What I mean by "quality" is the amount of attention and finishing paid to the product. Sure Al frames are made through pretty much the same processes. However you can compare the finishing on the TCR alloy and a Fuji Marseille. Giant has all the welds smoothed and the frame finished with clear coat. In contrast, Fuji retained the chunky welds, and I can almost tear the decals out with my hands ( Savedsol, try feeling the decals on the top tube when u go to Performance next time). Beauty is all about the details, even though the Fujis are not super expensive, but I find these minor detail things doing huge deduction on my overall impression on the bike. Why are the European bikes so friggin expensive? Of course you pay the "elitist" tax, but for a huge portion of this tax you are paying to the details they put onto their product.


----------



## Slip Stream (Jul 19, 2002)

*Do not write off Taiwanese frames as garbage*



Savedsol said:


> Problems: I've heard Fuji frames are just Taiwanese garbage. )


Taiwanese frames are not garbage. Many bikes use frames that are of foreign origin. Specialized, Giant, Trek, Bianchi, and many others. The truth is Taiwan produces some of the best metallurgers in the world.

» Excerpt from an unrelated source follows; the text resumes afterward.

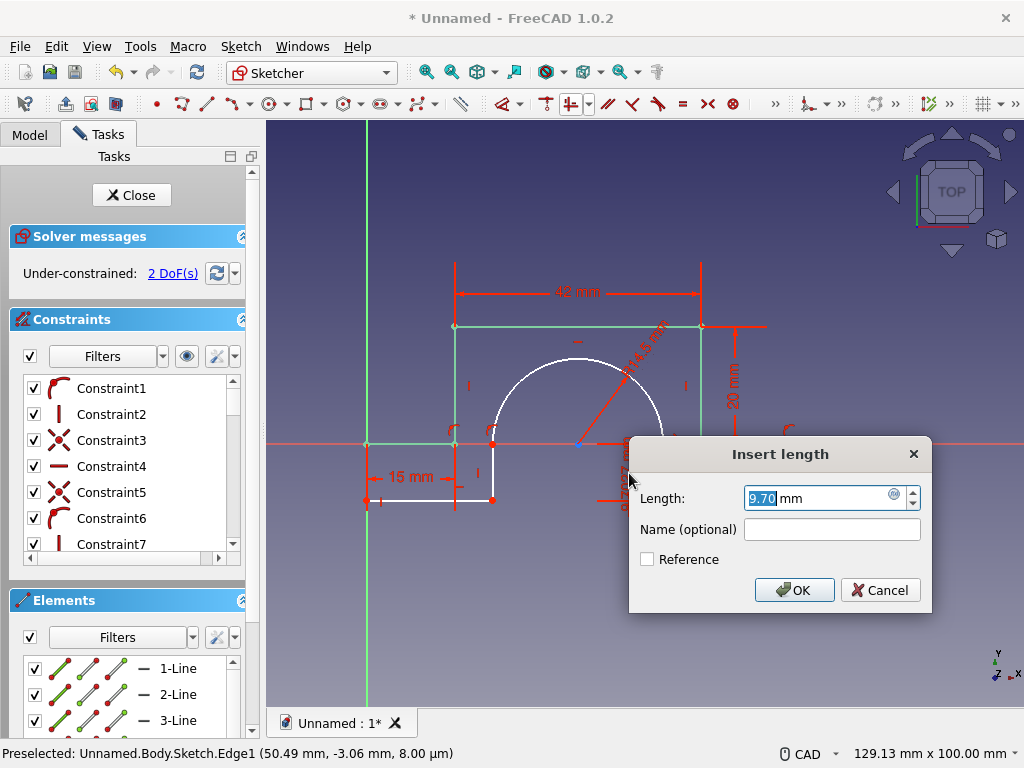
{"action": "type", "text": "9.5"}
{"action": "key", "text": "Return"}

China has been lobbing space age metals in the form of rockets and missiles at Taiwan since the birth of the PRC. It was not until the last decade that the US State Department gave China the technology to fire projectiles with near pinpoint accuracy. The isles of Taiwan is littered with the space age debris. Kids pick the stuff up, combine it in kilns and develop new alloys. National Geographic ran a piece on this phenomenon displaying a kid that made a set of flat ware out of 500 layers of unobtainium in the style of Damascus Steel! By the time they grew up they are the best of the best in metallurgy. 

Chinese frames? Yes many are garbage. Most Taiwanese frames are not.


----------